First National Supermarkets, Inc. v. Merrill Lynch, Pierce, Fenner & Smith, Inc.

661 N.E.2d 1121, 104 Ohio App. 3d 289
CourtOhio Court of Appeals
DecidedDecember 6, 1994
DocketNo. 66454.
StatusPublished
Cited by1 cases

This text of 661 N.E.2d 1121 (First National Supermarkets, Inc. v. Merrill Lynch, Pierce, Fenner & Smith, Inc.) is published on Counsel Stack Legal Research, covering Ohio Court of Appeals primary law. Counsel Stack provides free access to over 12 million legal documents including statutes, case law, regulations, and constitutions.

Bluebook
First National Supermarkets, Inc. v. Merrill Lynch, Pierce, Fenner & Smith, Inc., 661 N.E.2d 1121, 104 Ohio App. 3d 289 (Ohio Ct. App. 1994).

Opinion

Harper, Judge.

Plaintiff-appellant, First National Supermarkets, Inc., appeals from the granting of summary judgment in favor of defendant-appellant, Merrill Lynch, Pierce, Fenner & Smith, Inc., by the Court of Common Pleas of Cuyahoga County. Appellant asserts that genuine issues of fact remain for litigation and that, therefore, the trial court erred in its ruling that the doctrine of res judicata barred its claims for declaratory judgment, indemnity and fraud. A careful review of the record compels affirmance.

I. The Merger

On August 12, 1985, First National Supermarkets, Inc. (“First National”), a publicly owned company, notified its stockholders of a September 12, 1985 meeting. The purpose of the meeting was to vote upon the proposed merger of FNS, Inc. (“FNS”), a newly formed, privately held company which is a wholly owned subsidiary of FNS Holding Company, Inc. (“Holdings”), into First National. For each share of common stock of First National owned, the shareholder was to be compensated in the amount of $24.25 in cash under the terms of the Agreement and Plan of Merger. First National, with offices located in Ohio, and FNS are Massachusetts corporations, whereas Holdings is an Ohio corporation.

The August 12, 1985 notice furthermore provided that if a shareholder was not satisfied with the $24.25 per share compensation, Massachusetts law entitled the shareholder to dissent from the merger. The shareholder thereby preserved his or her right to file appraisal proceedings to recover the “fair cash value” of the shares owned in lieu of the price offered by First National.

As of August 8,1985, Jeffrey D. Chokel allegedly owned twenty-eight thousand shares of First National stock in his investment account with Merrill Lynch, *292 Pierce, Fenner & Smith, Inc. (“Merrill Lynch”). The shares were held in a “street name” to facilitate buying and selling rather than being listed in Chokel’s name. Regarding Chokel’s First National stock on August 8, 1985, Merrill Lynch in actuality held record title to one hundred shares directly, and 16,897 shares through its nominee, Philadelphia Depositary Trust Company (“Philadep”). 1

Merrill Lynch issued a revocable proxy to Chokel on August 27, 1985 which authorized him to vote twenty-eight thousand shares of stock designated as registered to Philadep. Chokel decided to vote against the proposed merger in his belief that the $24.25 was not a fair price for his shares. Merrill Lynch notified First National of Chokel’s decision, at his request, in a letter dated September 10, 1985. The letter contained Chokel’s intention to demand separate payment for twenty-eight thousand shares of stock registered in the name of Philadep if the merger was consummated.

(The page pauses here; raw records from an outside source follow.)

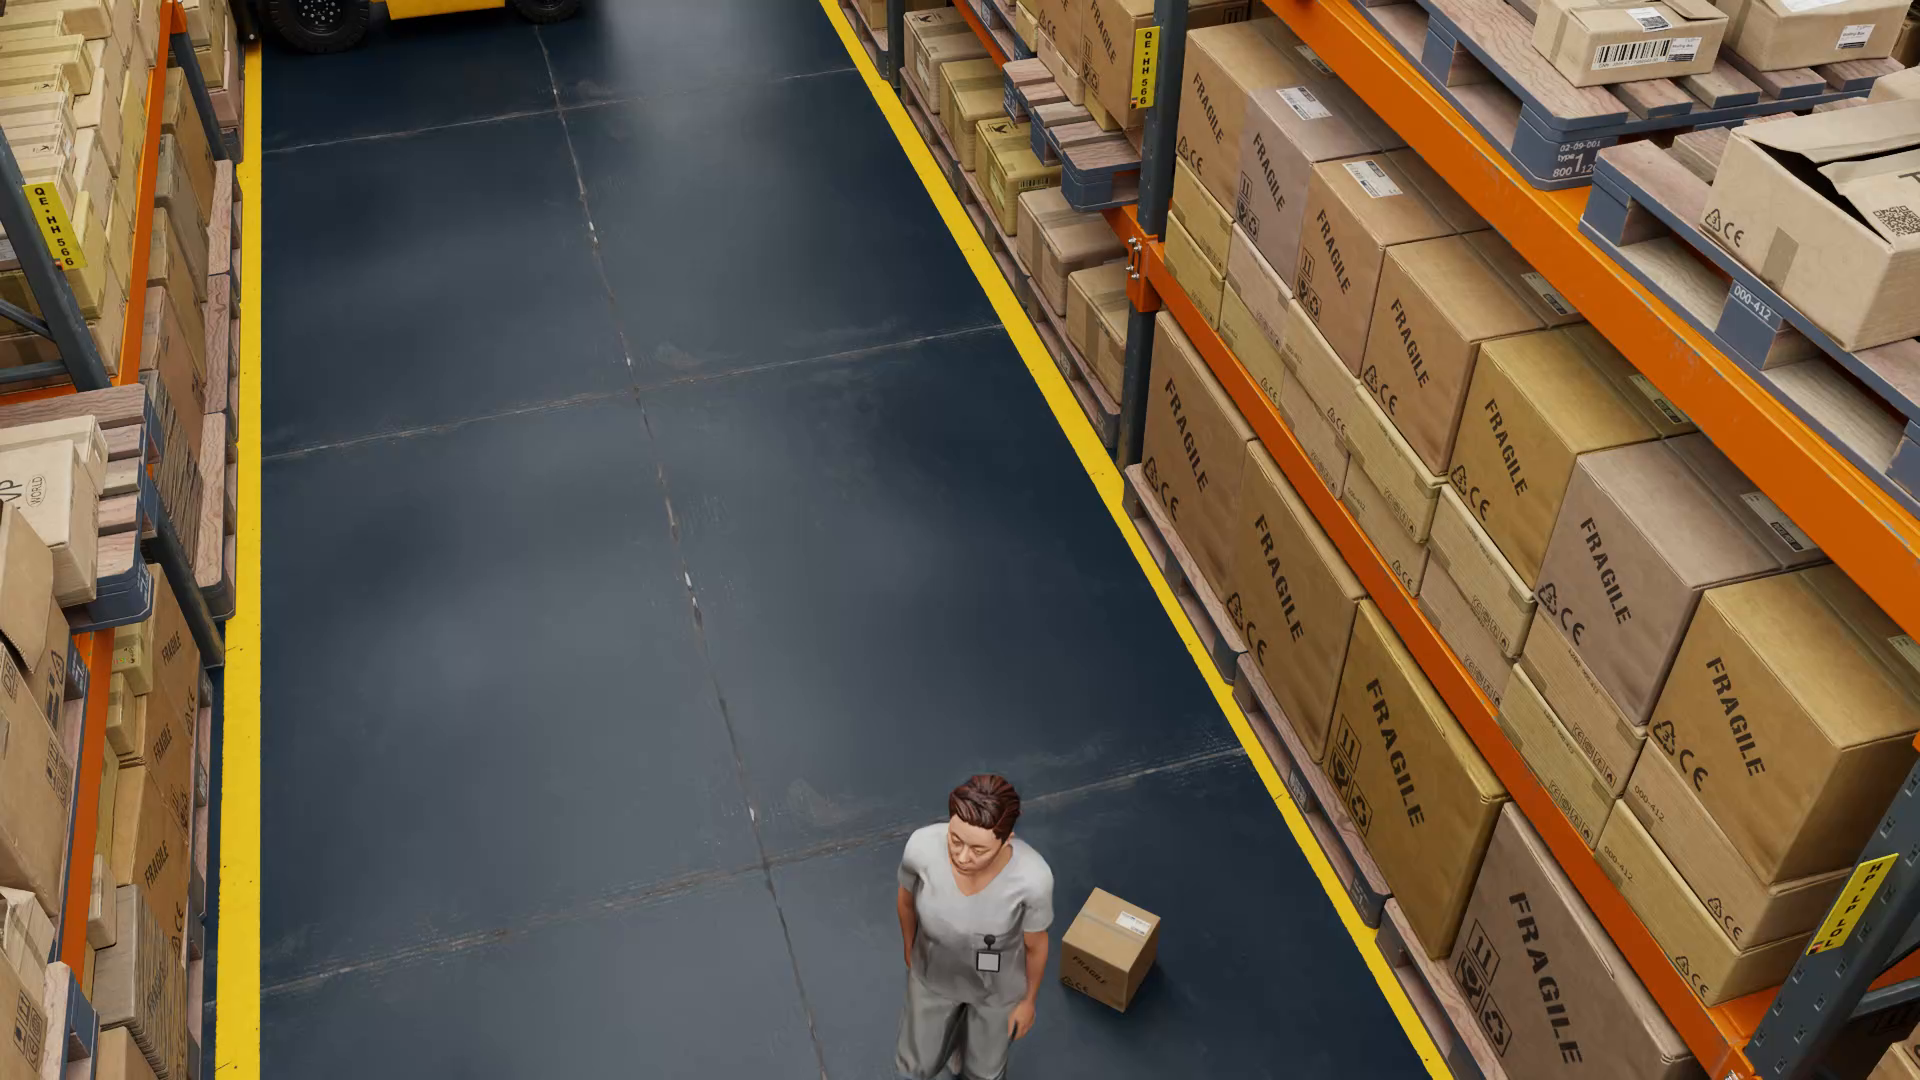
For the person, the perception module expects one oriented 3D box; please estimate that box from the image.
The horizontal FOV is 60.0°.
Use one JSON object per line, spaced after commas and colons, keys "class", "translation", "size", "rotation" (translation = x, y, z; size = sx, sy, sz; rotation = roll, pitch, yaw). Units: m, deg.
{"class": "person", "translation": [0.046, 1.205, 4.807], "size": [0.452, 1.662, 0.521], "rotation": [10, 43, 11]}
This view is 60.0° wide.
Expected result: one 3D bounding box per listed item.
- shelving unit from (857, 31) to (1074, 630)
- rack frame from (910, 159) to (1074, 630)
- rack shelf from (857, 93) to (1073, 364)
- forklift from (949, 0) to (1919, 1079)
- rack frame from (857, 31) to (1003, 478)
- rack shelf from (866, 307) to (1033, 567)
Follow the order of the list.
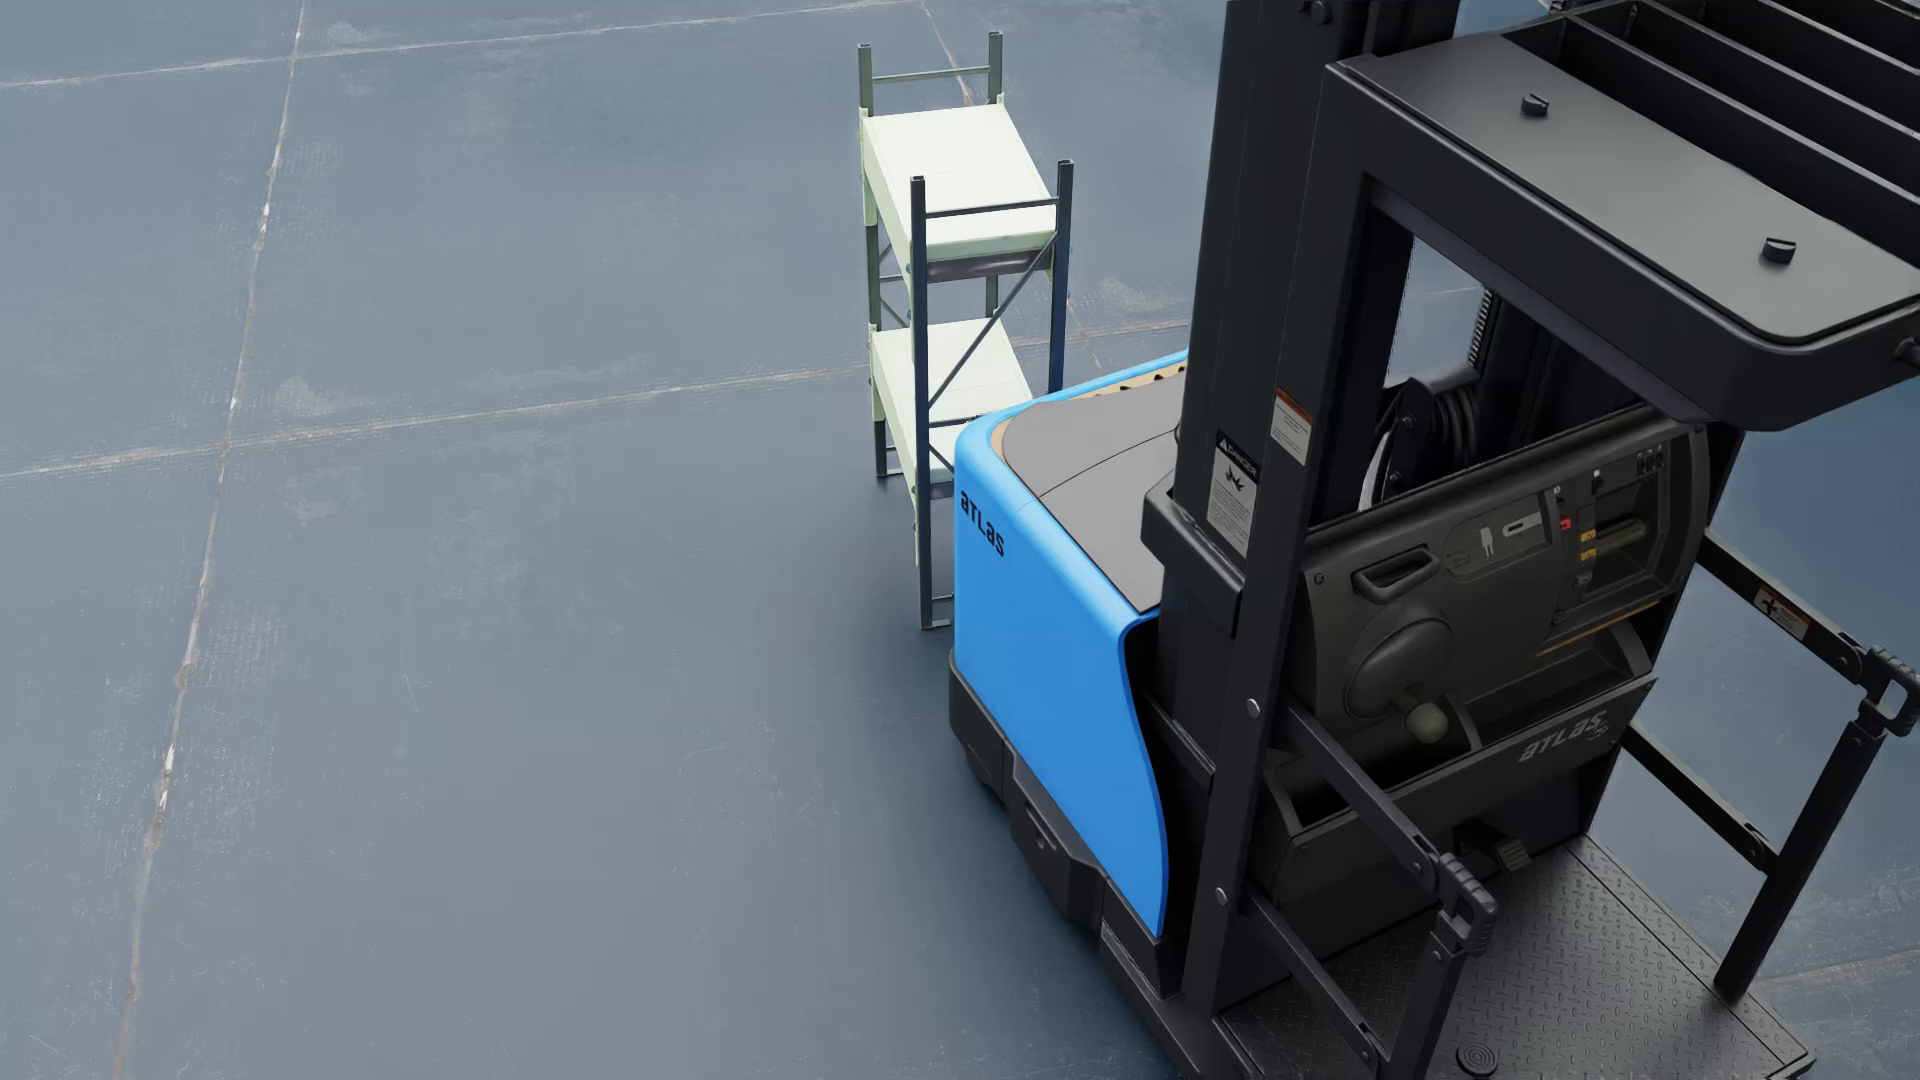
[{"bbox_3d":[-0.001,-0.565,4.757,0.431,1.500,0.755,-8,42,-9],"label":"shelving unit"},{"bbox_3d":[0.078,-0.328,4.490,0.400,1.500,0.023,-8,42,-9],"label":"rack frame"},{"bbox_3d":[-0.001,-0.857,4.498,0.431,0.370,0.720,-8,42,-9],"label":"rack shelf"},{"bbox_3d":[1.108,0.145,2.879,1.130,2.935,3.031,-19,45,-21],"label":"forklift"},{"bbox_3d":[-0.080,-0.802,5.024,0.400,1.500,0.023,-8,42,-9],"label":"rack frame"},{"bbox_3d":[-0.001,-0.321,4.973,0.431,0.370,0.720,-8,42,-9],"label":"rack shelf"}]
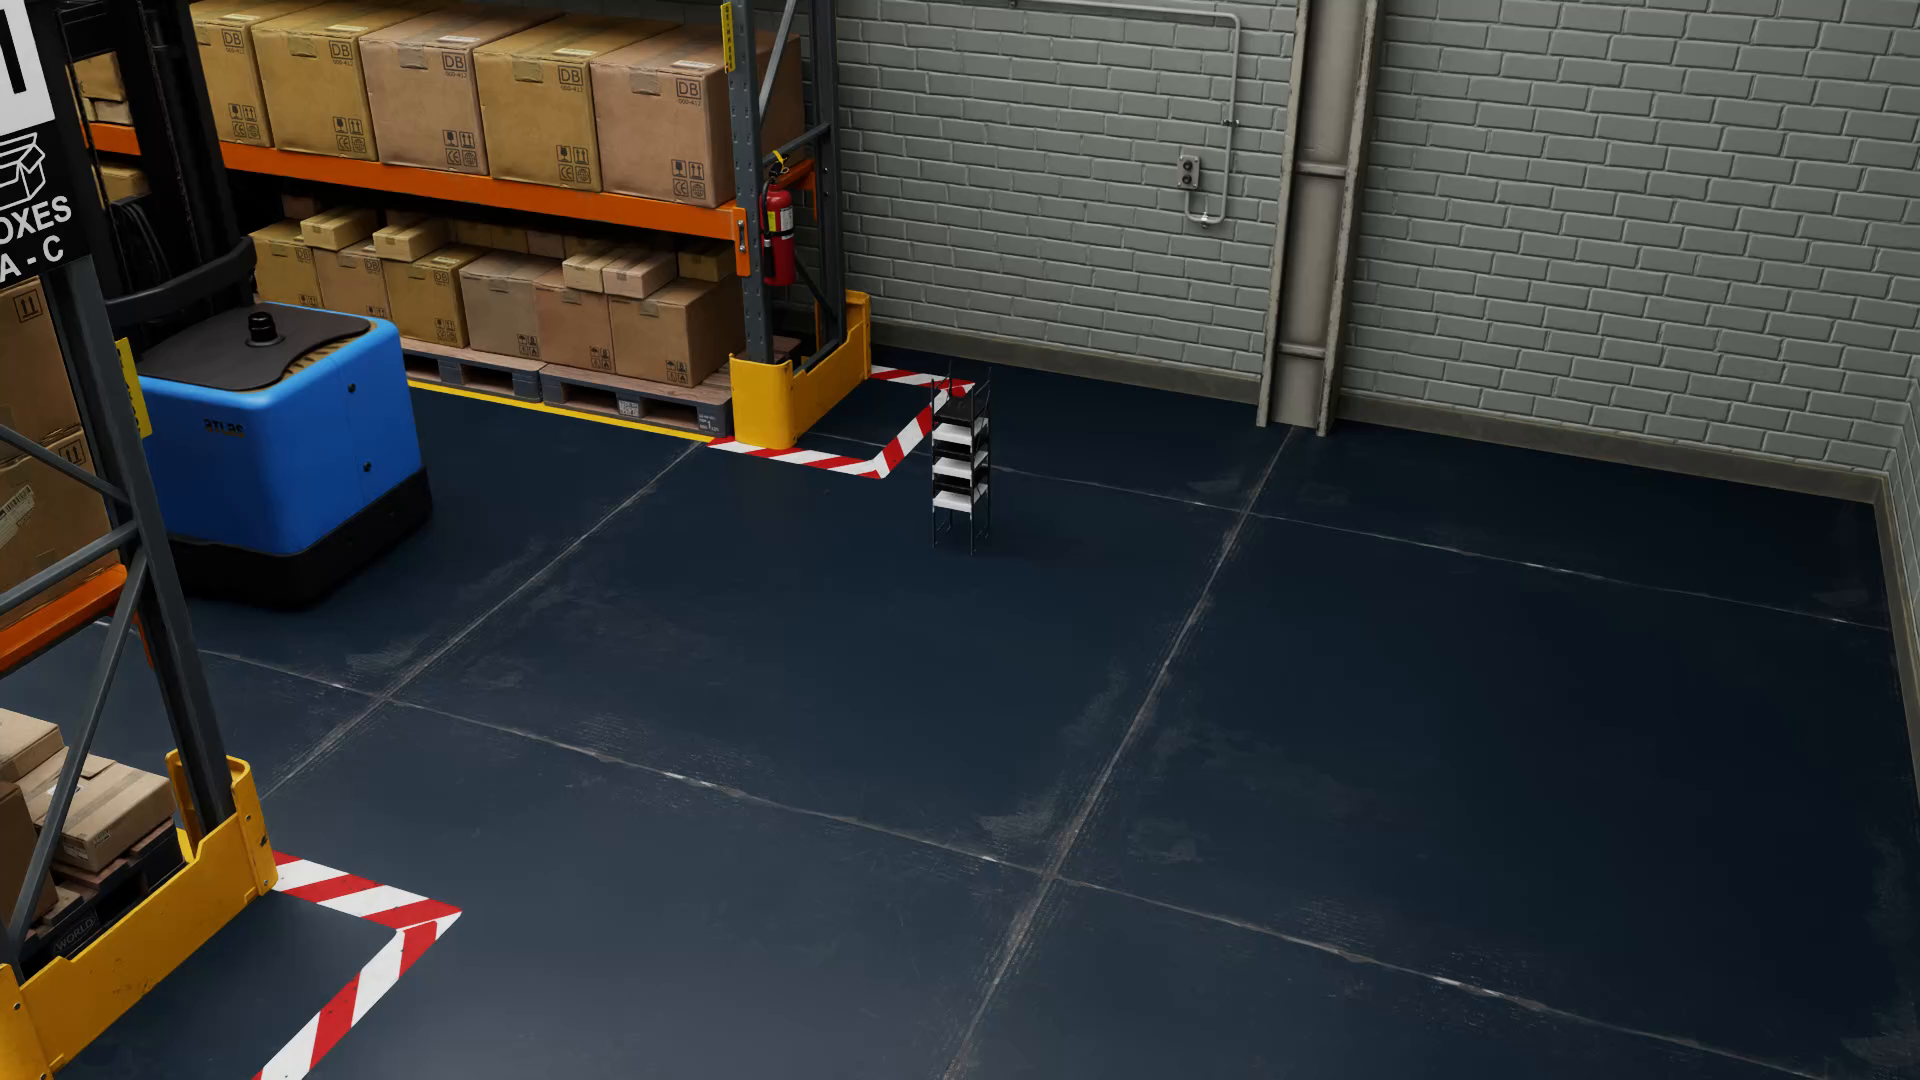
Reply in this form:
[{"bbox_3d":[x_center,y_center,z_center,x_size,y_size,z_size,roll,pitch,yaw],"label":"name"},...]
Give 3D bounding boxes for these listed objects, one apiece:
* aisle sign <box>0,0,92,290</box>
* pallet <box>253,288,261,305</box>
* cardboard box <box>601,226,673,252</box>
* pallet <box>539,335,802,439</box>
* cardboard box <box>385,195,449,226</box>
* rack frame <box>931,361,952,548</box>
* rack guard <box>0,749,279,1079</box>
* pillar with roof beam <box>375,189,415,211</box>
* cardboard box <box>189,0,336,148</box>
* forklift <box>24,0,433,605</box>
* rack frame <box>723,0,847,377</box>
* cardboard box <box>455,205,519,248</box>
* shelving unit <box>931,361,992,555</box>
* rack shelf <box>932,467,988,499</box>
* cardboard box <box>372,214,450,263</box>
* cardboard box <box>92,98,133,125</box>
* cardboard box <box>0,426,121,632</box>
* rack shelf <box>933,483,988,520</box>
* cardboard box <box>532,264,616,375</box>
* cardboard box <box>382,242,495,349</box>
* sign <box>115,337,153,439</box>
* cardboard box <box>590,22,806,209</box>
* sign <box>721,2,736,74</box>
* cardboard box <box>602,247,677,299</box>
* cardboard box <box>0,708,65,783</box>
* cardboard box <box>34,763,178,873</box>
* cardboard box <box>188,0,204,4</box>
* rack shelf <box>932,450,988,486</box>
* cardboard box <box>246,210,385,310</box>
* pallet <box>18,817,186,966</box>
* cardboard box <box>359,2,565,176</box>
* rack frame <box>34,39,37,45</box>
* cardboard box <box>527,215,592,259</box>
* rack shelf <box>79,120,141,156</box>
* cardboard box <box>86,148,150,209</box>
[{"bbox_3d":[-2.599,-1.085,4.480,0.004,0.787,0.394,11,31,19],"label":"aisle sign"},{"bbox_3d":[-3.945,-1.441,10.586,1.213,0.211,1.003,11,31,19],"label":"pallet"},{"bbox_3d":[-1.879,-1.714,9.688,0.250,0.149,0.380,11,31,19],"label":"cardboard box"},{"bbox_3d":[-1.684,-0.990,9.787,1.213,0.211,1.003,11,31,19],"label":"pallet"},{"bbox_3d":[-3.292,-1.996,10.187,0.250,0.149,0.380,10,31,18],"label":"cardboard box"},{"bbox_3d":[-0.087,-0.409,8.059,0.006,0.900,0.240,11,31,19],"label":"rack frame"},{"bbox_3d":[-2.843,1.242,5.545,0.348,0.500,1.175,11,31,19],"label":"rack guard"},{"bbox_3d":[-5.265,-3.745,5.731,0.400,9.000,9.100,11,31,19],"label":"pillar with roof beam"},{"bbox_3d":[-4.124,-2.855,9.947,0.700,0.700,0.980,12,32,20],"label":"cardboard box"},{"bbox_3d":[-4.231,-1.416,7.777,3.031,2.935,1.130,10,31,18],"label":"forklift"},{"bbox_3d":[-0.914,-2.092,8.902,0.127,3.000,1.000,11,31,19],"label":"rack frame"},{"bbox_3d":[-2.819,-1.901,10.020,0.250,0.149,0.380,11,31,18],"label":"cardboard box"},{"bbox_3d":[0.008,-0.390,8.026,0.210,0.900,0.258,11,31,19],"label":"shelving unit"},{"bbox_3d":[0.008,-0.283,8.087,0.200,0.077,0.258,11,31,19],"label":"rack shelf"},{"bbox_3d":[-3.233,-1.781,9.806,0.250,0.149,0.380,10,31,18],"label":"cardboard box"},{"bbox_3d":[-5.040,-2.665,10.151,0.250,0.149,0.380,12,31,20],"label":"cardboard box"},{"bbox_3d":[-3.085,-0.078,5.238,0.500,0.500,0.500,12,32,20],"label":"cardboard box"},{"bbox_3d":[0.008,-0.205,8.131,0.200,0.077,0.258,11,31,19],"label":"rack shelf"},{"bbox_3d":[-2.064,-1.363,9.726,0.500,0.500,0.700,11,31,19],"label":"cardboard box"},{"bbox_3d":[-3.027,-1.551,10.059,0.500,0.500,0.700,12,32,20],"label":"cardboard box"},{"bbox_3d":[-2.569,-0.457,5.130,0.005,0.325,0.100,11,31,19],"label":"sign"},{"bbox_3d":[-1.390,-2.312,8.987,0.700,0.700,0.980,13,32,21],"label":"cardboard box"},{"bbox_3d":[-1.131,-2.454,8.126,0.005,0.325,0.100,11,31,19],"label":"sign"},{"bbox_3d":[-1.787,-1.493,9.298,0.250,0.149,0.380,11,31,19],"label":"cardboard box"},{"bbox_3d":[-3.633,0.851,6.044,0.500,0.250,0.500,11,31,19],"label":"cardboard box"},{"bbox_3d":[-3.031,0.983,5.913,0.250,0.149,0.380,11,31,19],"label":"cardboard box"},{"bbox_3d":[-4.952,-3.213,10.463,0.500,0.500,0.500,10,31,17],"label":"cardboard box"},{"bbox_3d":[0.008,-0.361,8.042,0.200,0.077,0.258,11,31,19],"label":"rack shelf"},{"bbox_3d":[-3.966,-1.741,10.396,0.500,0.500,0.700,12,32,20],"label":"cardboard box"},{"bbox_3d":[-3.582,1.221,5.876,1.213,0.211,1.003,11,31,19],"label":"pallet"},{"bbox_3d":[-2.771,-2.587,9.473,0.700,0.700,0.980,10,31,17],"label":"cardboard box"},{"bbox_3d":[-2.773,-2.444,3.429,0.127,3.000,1.000,11,31,19],"label":"rack frame"},{"bbox_3d":[-2.346,-1.807,9.853,0.250,0.149,0.380,12,32,20],"label":"cardboard box"},{"bbox_3d":[-6.473,-2.889,11.043,4.000,0.370,1.077,11,31,19],"label":"rack shelf"},{"bbox_3d":[-5.271,-2.140,10.745,0.750,0.750,0.750,12,32,20],"label":"cardboard box"}]

A second letter dated September 12, 1985 was hand delivered to Robert Sullivan, Vice President, General Counsel and Secretary of First National, at the meeting held on that date. Chokel was in attendance at the meeting. The letter informed Sullivan that Chokel objected to the merger and would seek separate payment for his shares if the merger was successful. Chokel then presented his proxy, voting twenty-eight thousand shares against the merger. The votes went unchallenged by First National.

Chokel was notified by letter dated September 17, 1985, that the merger was effective as of 3:59 p.m. on September 13, 1985. The merger was approved by 90.4 percent of the outstanding shares of First National’s stock. As a result, First National became a wholly owned subsidiary of Holdings.

Chokel forwarded a letter dated September 27, 1985 to First National in which he demanded payment for his shares in the amount of $40 per share. Merrill Lynch posted a similar letter to First National on October 3, 1985, demanding fair payment of $40 per each of Chokel’s twenty-eight thousand shares.

II. The Massachusetts Action

On February 4, 1986, Chokel commenced an action against First National in the Suffolk Superior Court, Commonwealth of Massachusetts, case No. 81173. He sought a statutory appraisal of the value of his shares pursuant to Massachusetts law.

First National filed a motion for summary judgment in which it initially referred to the following admission of Chokel:

*293 “ ‘Due to clerical error that was not disclosed to plaintiff, however, on September 18, 1985 [the brokerage house, Merrill Lynch, Pierce, Fenner & Smith, Inc.] tendered 28,000 First National Shares. * * * Immediately thereafter Merrill acquired 16,897 First National Shares and partially restored plaintiffs holdings.’ ”

The record reveals that though Merrill Lynch knew of Chokel’s dissent from the merger, it sent him a letter dated September 30, 1985 advising him that his shares were to be redeemed at the merger price of $24.25. Chokel’s account statement for the period of August 31, 1985 to September 27, 1985 reflected that twenty-eight thousand shares were “redeemed” and “exchange tender” for $679,000 in cash. These entries were subsequently reversed, and his account statement for the period of September 28, 1985 to October 25, 1985 contained entries which reestablished his ownership of twenty-eight thousand shares of First National stock.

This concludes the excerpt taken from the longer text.